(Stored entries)

++++++++++++++++++++

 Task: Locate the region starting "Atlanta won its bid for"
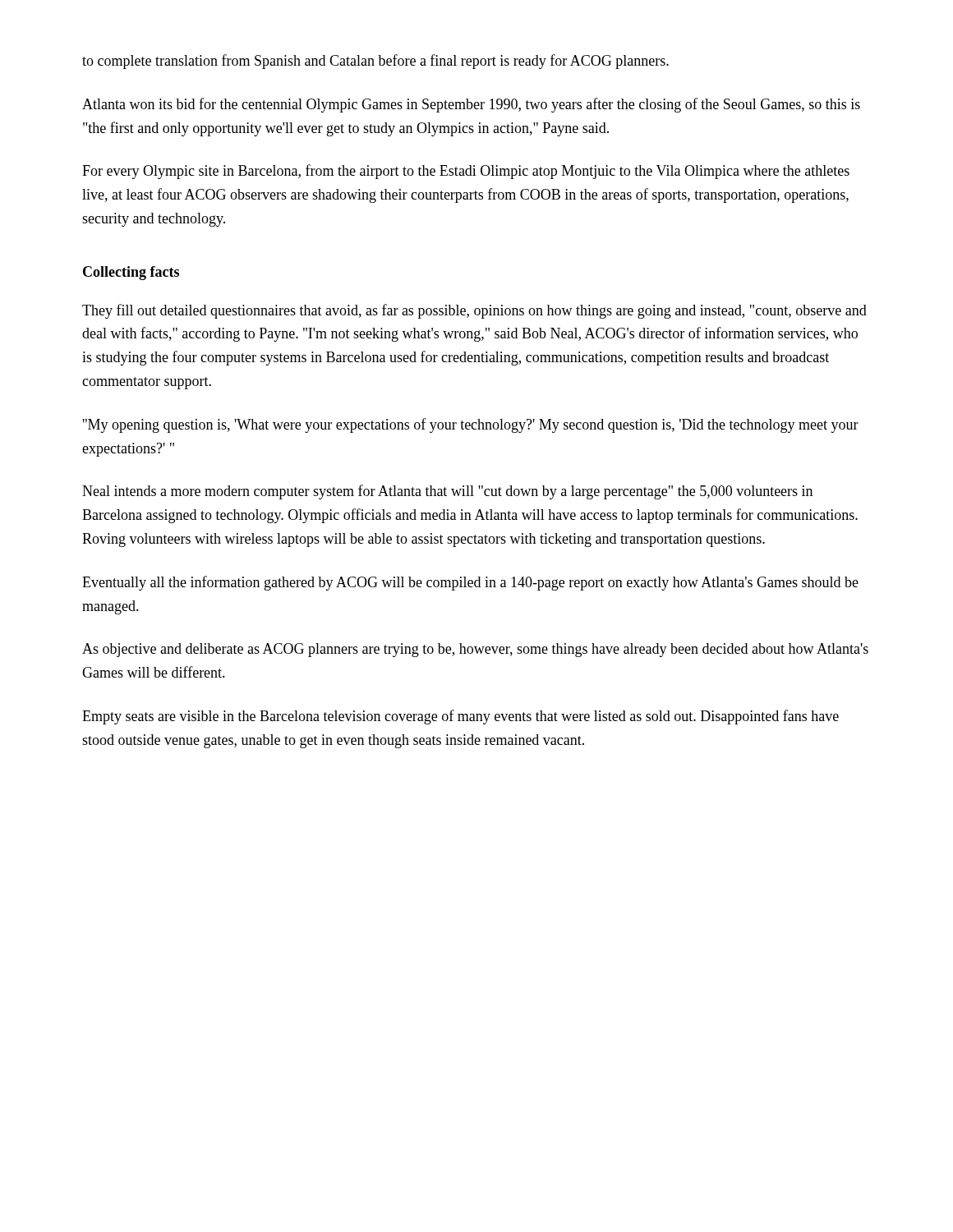(471, 116)
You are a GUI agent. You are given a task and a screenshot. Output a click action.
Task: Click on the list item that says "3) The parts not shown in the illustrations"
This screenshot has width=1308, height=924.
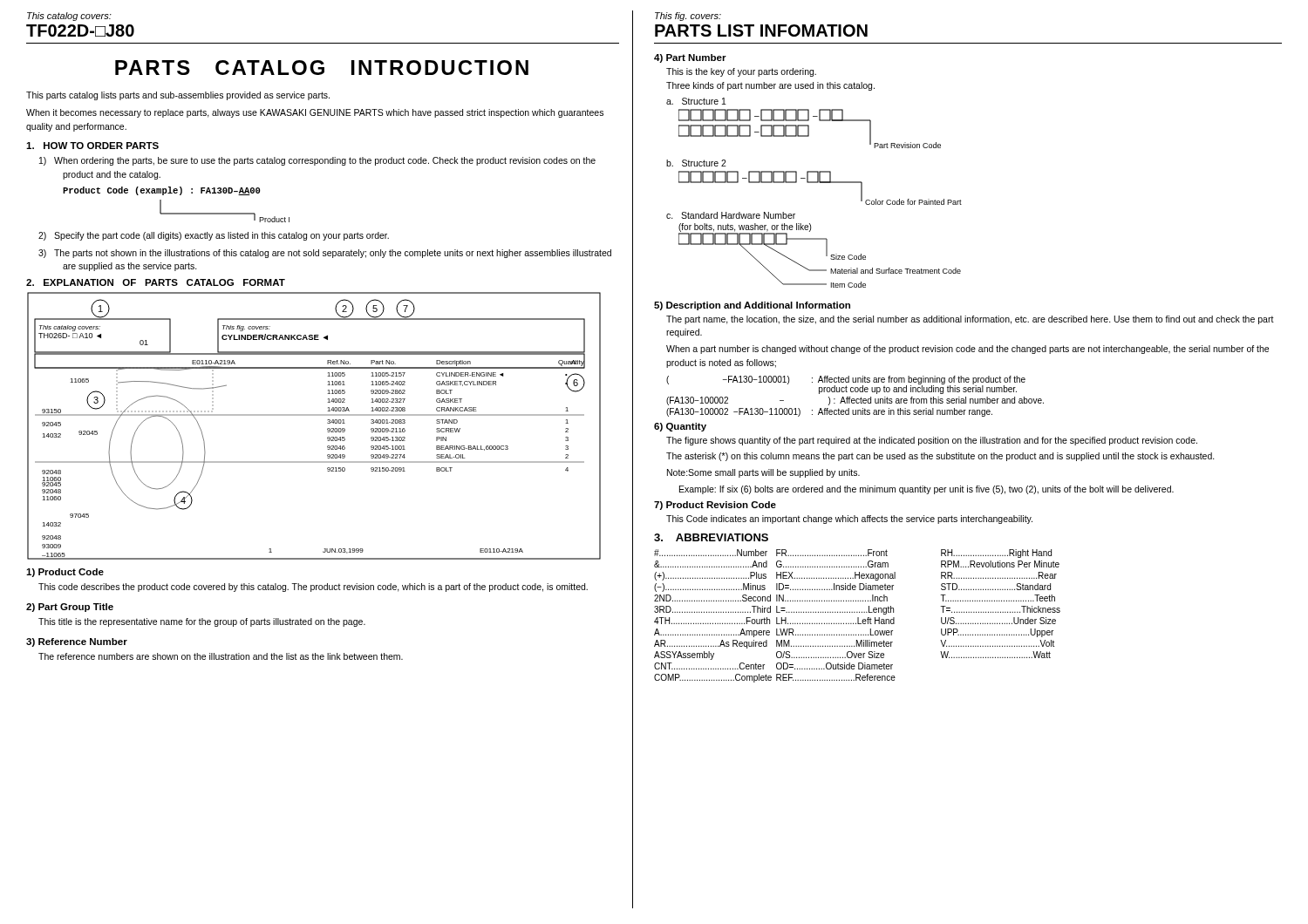pyautogui.click(x=325, y=259)
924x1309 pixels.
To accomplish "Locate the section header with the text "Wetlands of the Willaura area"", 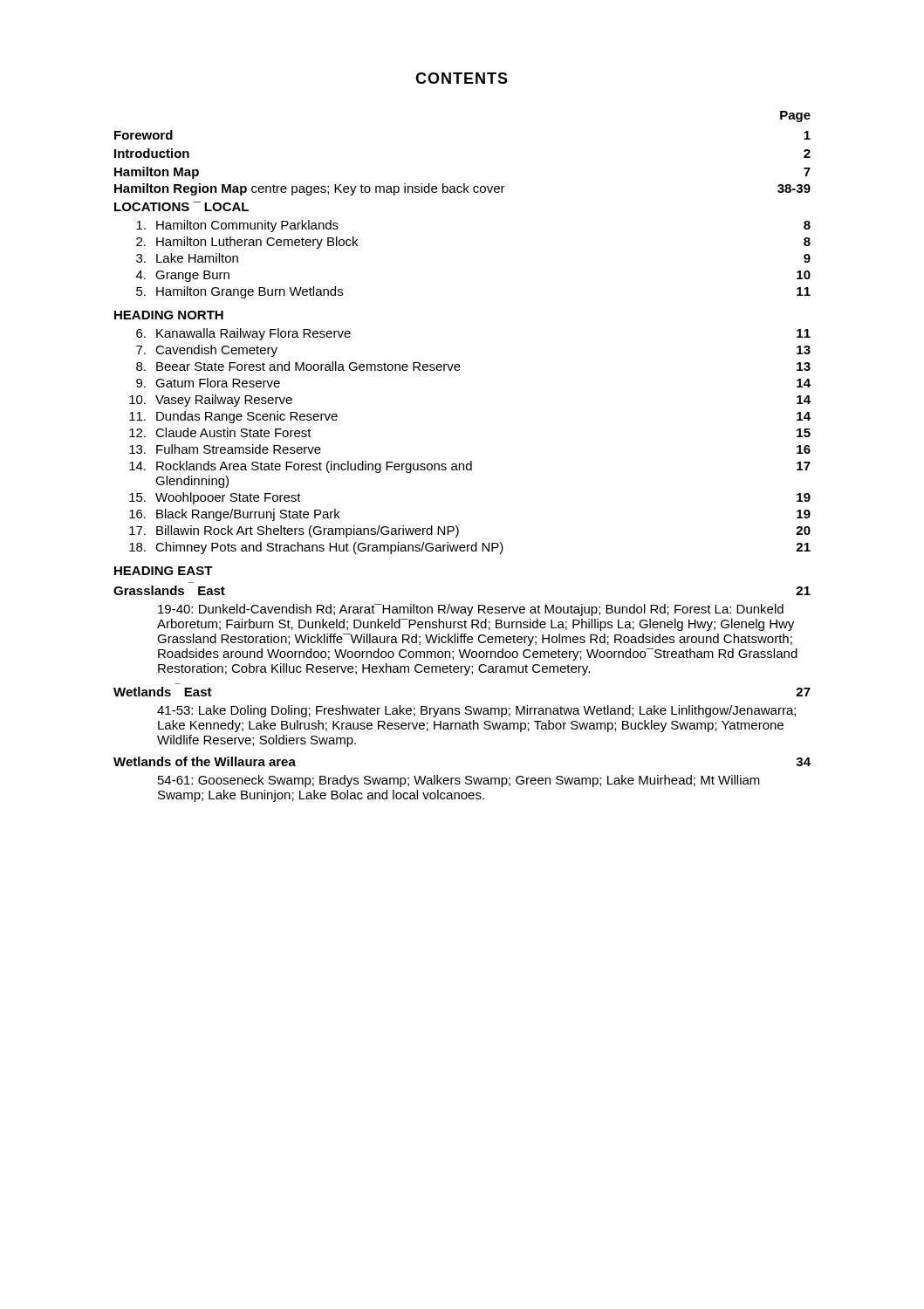I will point(203,761).
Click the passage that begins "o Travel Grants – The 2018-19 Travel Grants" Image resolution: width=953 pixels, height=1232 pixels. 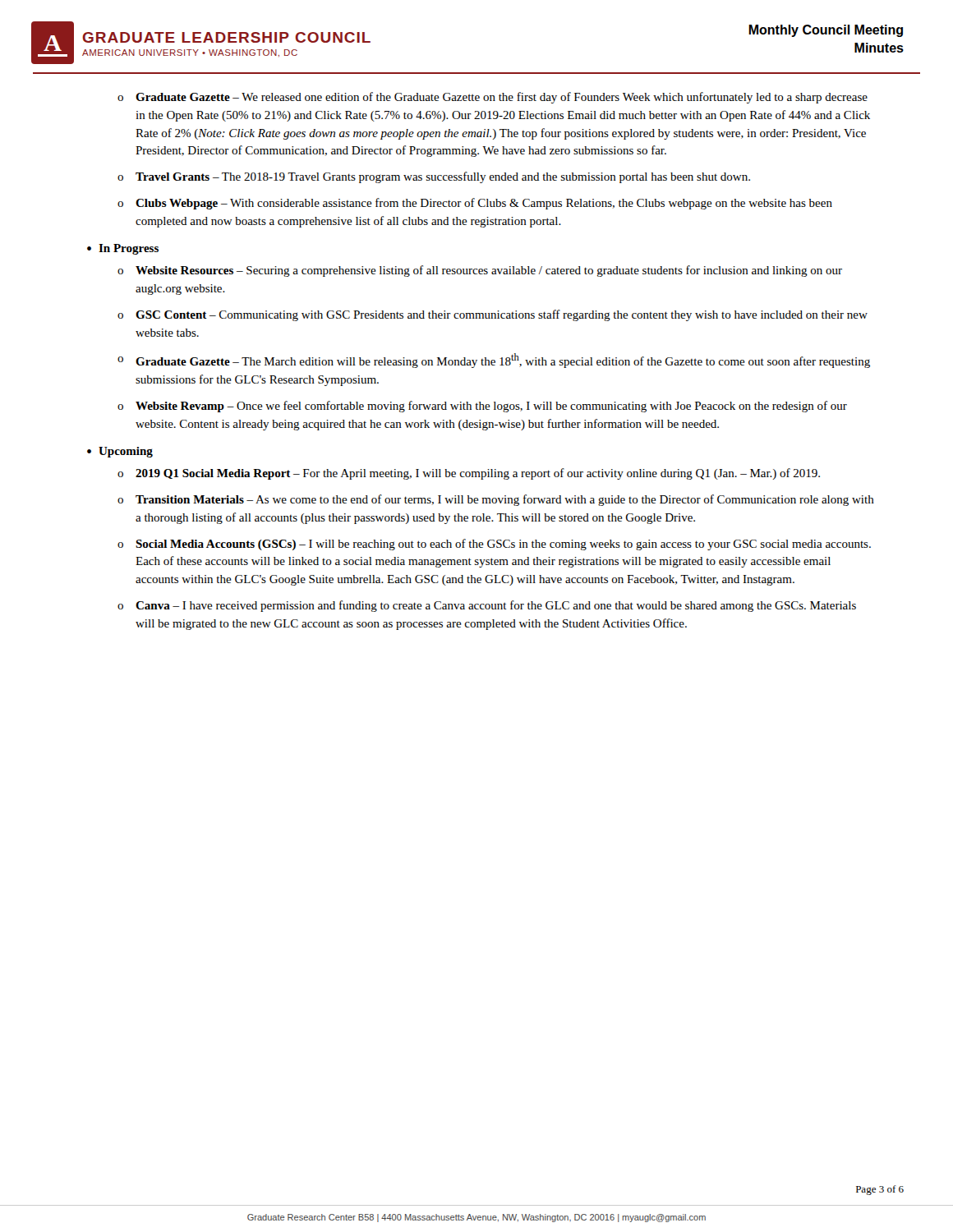pos(434,177)

++++++++++++++++++++

• PROMPT: Restate word for word every line from the one with "Task: Click on" up to and including the one with "924x1309 pixels." in the records above, minus the pictures.

• SOLVED PROBLEM:
Task: Click on the list item that says "3) The parts not shown in the illustrations"
This screenshot has width=1308, height=924.
pyautogui.click(x=325, y=259)
924x1309 pixels.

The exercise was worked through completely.